Figure 2. Macroscopic observation of wound healing progress in control and extract-treated groups at given post-wounding time points.

Figure 3. Average percentages of wound contraction of the experimental groups at post-wounding days 7, 14 and 21 (n= 3).

** denote significant changes of wound contraction at day 14 in comparison to control group, **p < 0.01.

Our study demonstrated a dose dependent effect of the methanolic extract on wound healing, as evident from the wound closure observed for the 10% (w/w) vs 50% (w/w) extract treated animals. General wound morphology in post wounding day 3 shows a well-developed scab formation in all groups (Figure 2). We did not observe any adverse effects in both control and extract treated animals. At day 14, there was almost complete closure of the wound in the high dose group (Figure 2).

We observed a high density of inflammatory cells in the low dose and high dose treated tissues (Figure 4). The low dose and high dose treated animals showed epithelialization at day 7, whereas the control group showed epithelialization at day 14. Inflammatory cells become prominent, which may include neutrophils, followed by macrophages and mast cells that emigrate from nearby tissues, playing a crucial role in combating infection (Martin & Leibovich, 2005).

Figure 4. Histopathological characteristics of wound granulation tissue on post-wounding days 7, 14 and 21 stained with hematoxylin.

Day 3 control and treated rats: presence of inflammatory cells is evident. Collagen deposition observed in the high dose treated animals at day 14. BV: blood vessels; F: fibroblasts; IC: inflammatory cells (x400).

Based on histological observations, granulation tissue from all experimental groups displayed increased infiltration of fibroblast cells, indicative of active proliferation (Figure 4). Among all of the experimental groups, high-dose treated group showed greater wound contraction at post-wounding day 14 (Table 3). At post-wounding day 21, the wound in the high-dose treated group showed a more densely packed organization of collagen and connective tissues compared to the low dose-treated and control group.

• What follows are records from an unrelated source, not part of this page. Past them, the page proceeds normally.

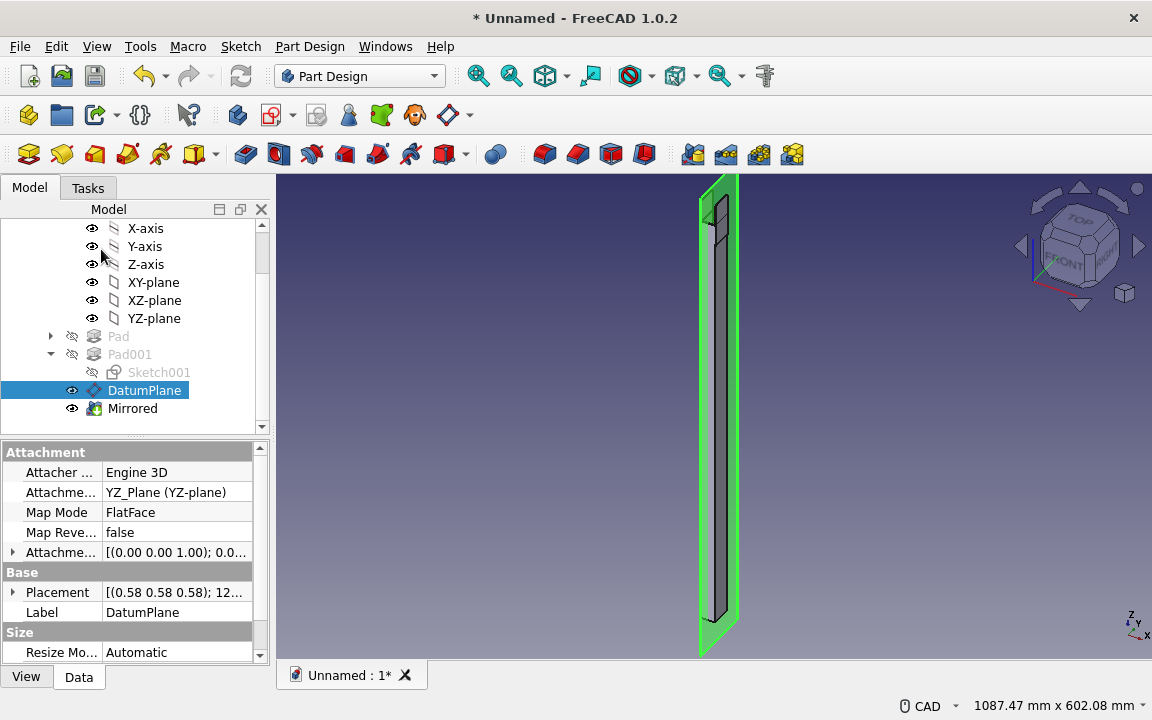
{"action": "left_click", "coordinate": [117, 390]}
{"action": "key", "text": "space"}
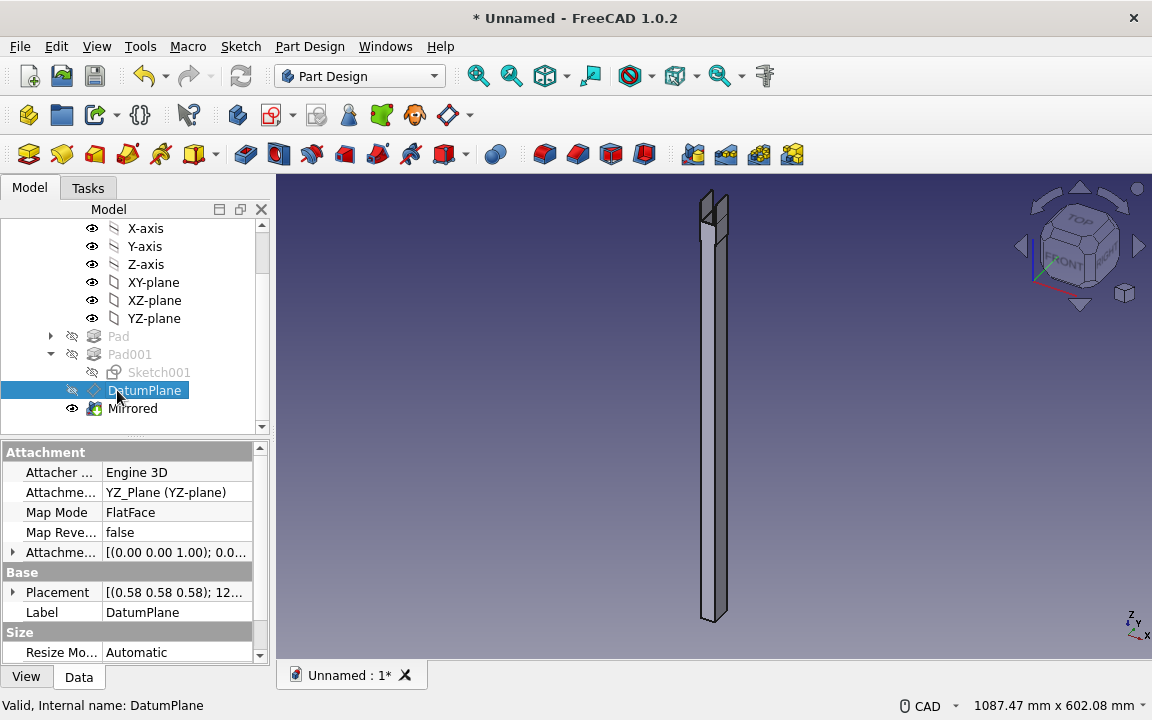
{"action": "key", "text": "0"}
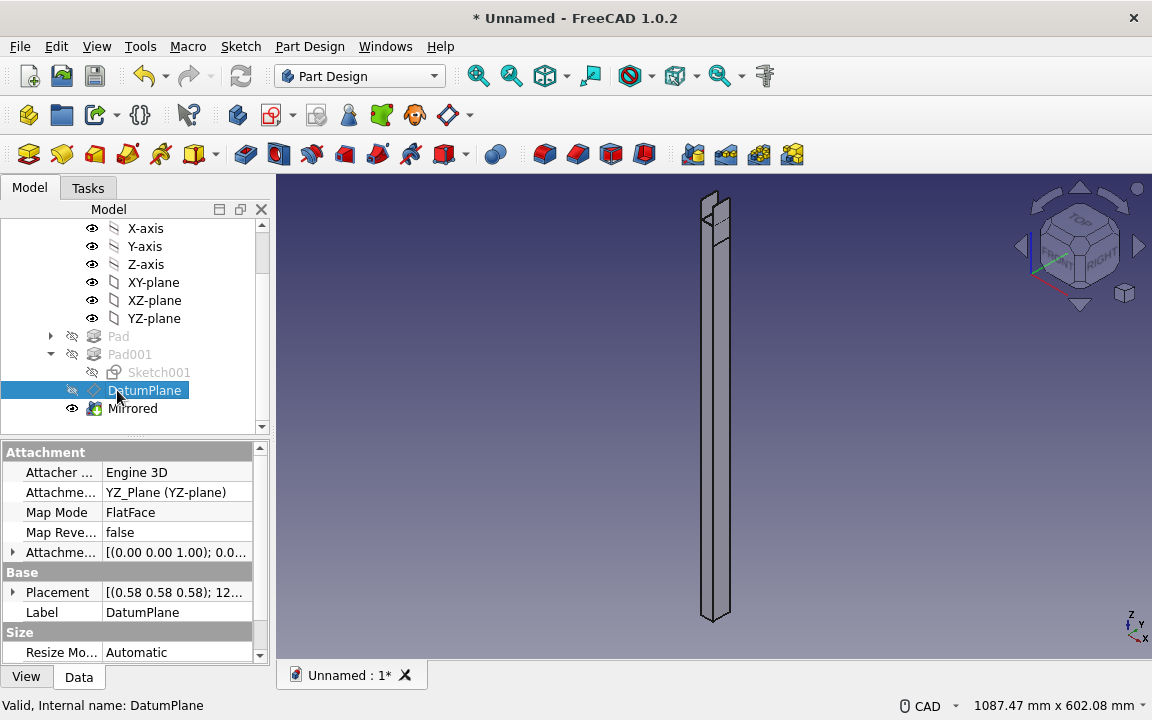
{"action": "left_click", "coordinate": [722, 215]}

Based on the wound contraction evaluation and histological analysis of the wound, our study has demonstrated a modest wound healing effect in the V. pinnata high-dose treated group followed by low-dose treated group as compared to control group (Figure 2). Phytochemical analysis reports have revealed that the petroleum ether, ethyl acetate, methanol and aqueous leaf extracts of V. pinnata contain varying amounts of the alkaloid, anthocyanidins, aucubins, coumarins, flavonoids, flavanols, gallic tannins, iridoids, proteins, reducing compounds, steroids, triterpenoids and glycoside compounds, of which flavonoids appeared to be present in the highest quantity in all the four different extracts (Ramesh et al., 2013). The chemical constituents of its barks have also been reported to include flavonoids (Ata et al., 2009). These phytochemicals are known to possess antioxidant, anti-inflammatory, and anti-microbial properties which are responsible for the enhanced rate of wound healing observed (Shah & Amini-Nik, 2017).

Underlying data

Figshare: Evaluation of antioxidant, antibacterial and wound healing activities of Vitex pinnata. https://doi.org/10.6084/m9.figshare.11369973.v1 (Shafie et al., 2019)

Data are available under the terms of the Creative Commons Attribution 4.0 International license (CC-BY 4.0).